Pre-treatment of soil X-ray powder diffraction data for cluster analysis

X-ray powder diffraction (XRPD) is widely applied for the qualitative and quantitative analysis of soil mineralogy. In recent years, high-throughput XRPD has resulted in soil XRPD datasets containing thousands of samples. The efforts required for conventional approaches of soil XRPD data analysis are currently restrictive for such large data sets, resulting in a need for computational methods that can aid in defining soil property – soil mineralogy relationships. Cluster analysis of soil XRPD data represents a rapid method for grouping data into discrete classes based on mineralogical similarities, and thus allows for sets of mineralogically distinct soils to be defined and investigated in greater detail. Effective cluster analysis requires minimisation of sample-independent variation and maximisation of sample-dependent variation, which entails pre-treatment of XRPD data in order to correct for common aberrations associated with data collection. A 24 factorial design was used to investigate the most effective data pre-treatment protocol for the cluster analysis of XRPD data from 12 African soils, each analysed once by five different personnel.
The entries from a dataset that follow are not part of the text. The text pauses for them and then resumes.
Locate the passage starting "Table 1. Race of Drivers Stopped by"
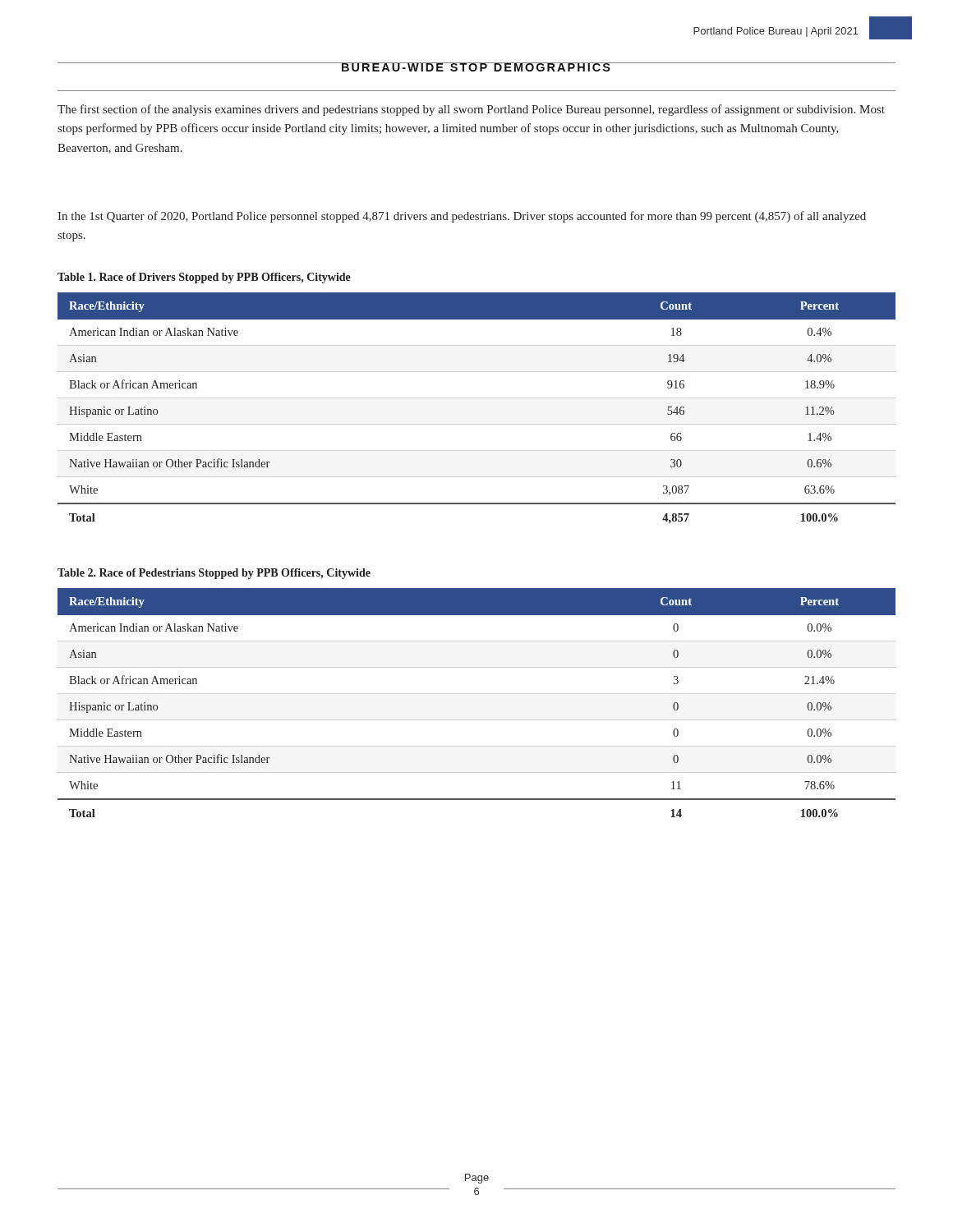 (204, 277)

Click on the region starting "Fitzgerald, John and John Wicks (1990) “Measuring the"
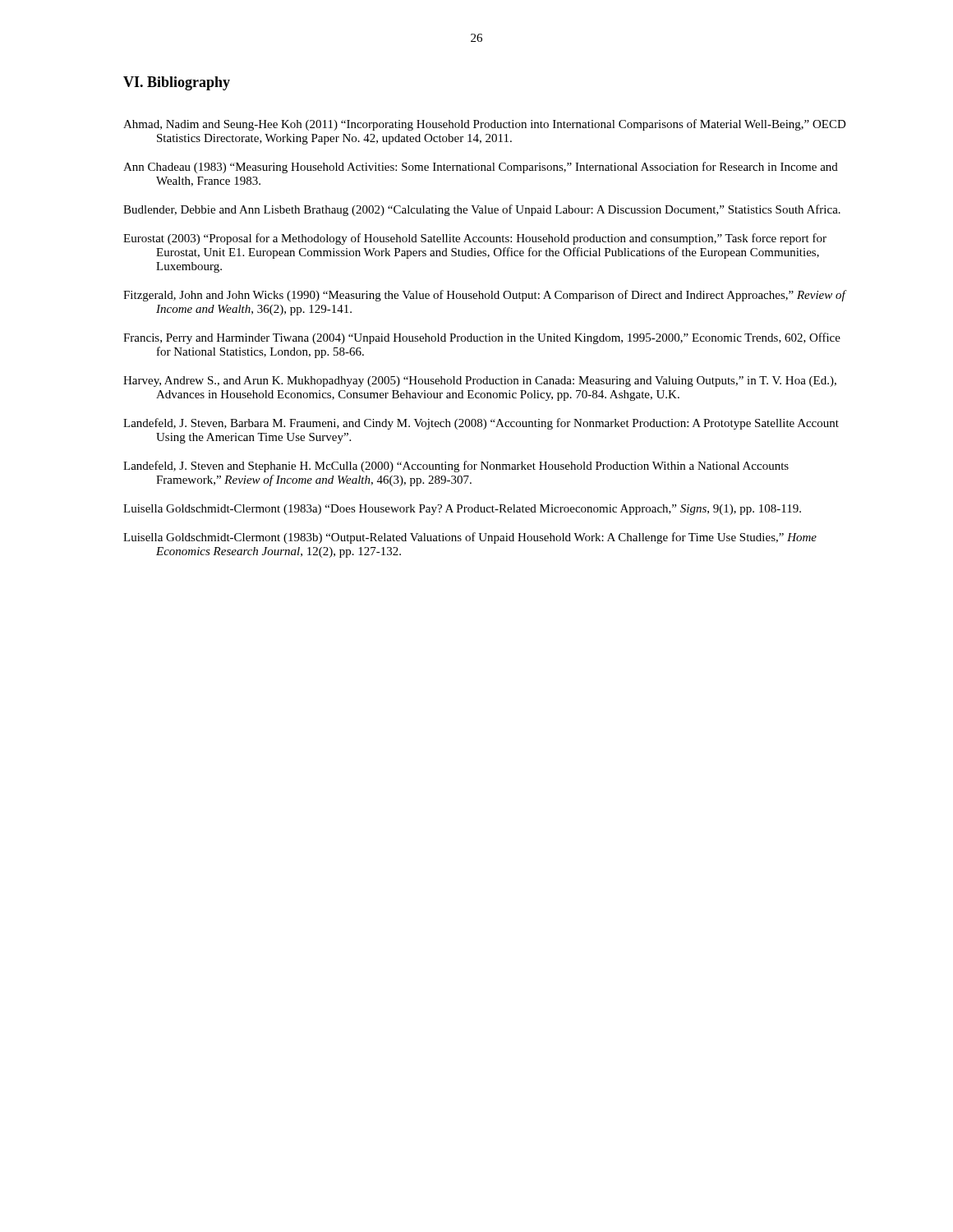coord(484,302)
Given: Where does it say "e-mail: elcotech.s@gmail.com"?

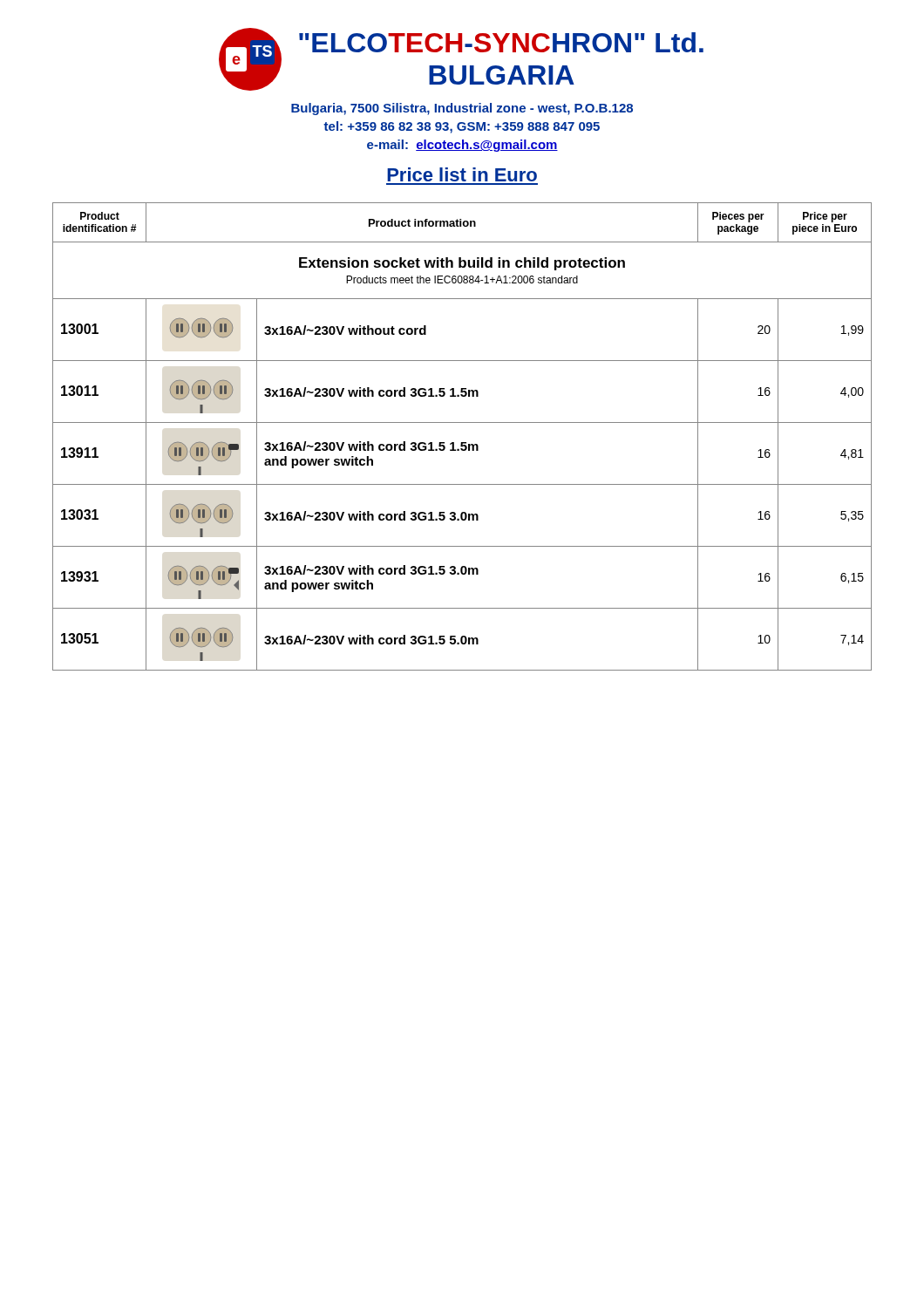Looking at the screenshot, I should click(462, 145).

Sample-independent effects of displacement error, noise and signal intensity variation were pre-treated using peak alignment, binning and scaling, respectively. The sample-dependent effect of strongly diffracting minerals overwhelming the signal of weakly diffracting minerals was pre-treated using a square-root transformation. Without pre-treatment, the 60 XRPD measurements failed to provide informative clusters. Pre-treatment via peak alignment, square-root transformation, and scaling each resulted in significantly improved partitioning of the groups (p < 0.05). Data pre-treatment via binning reduced the computational demands of cluster analysis, but did not significantly affect the partitioning (p > 0.1). Applying all four pre-treatments proved to be the most suitable protocol for both non-hierarchical and hierarchical cluster analysis. Deducing such a protocol is considered a prerequisite to the wider application of cluster analysis in exploring soil property – soil mineralogy relationships in larger datasets.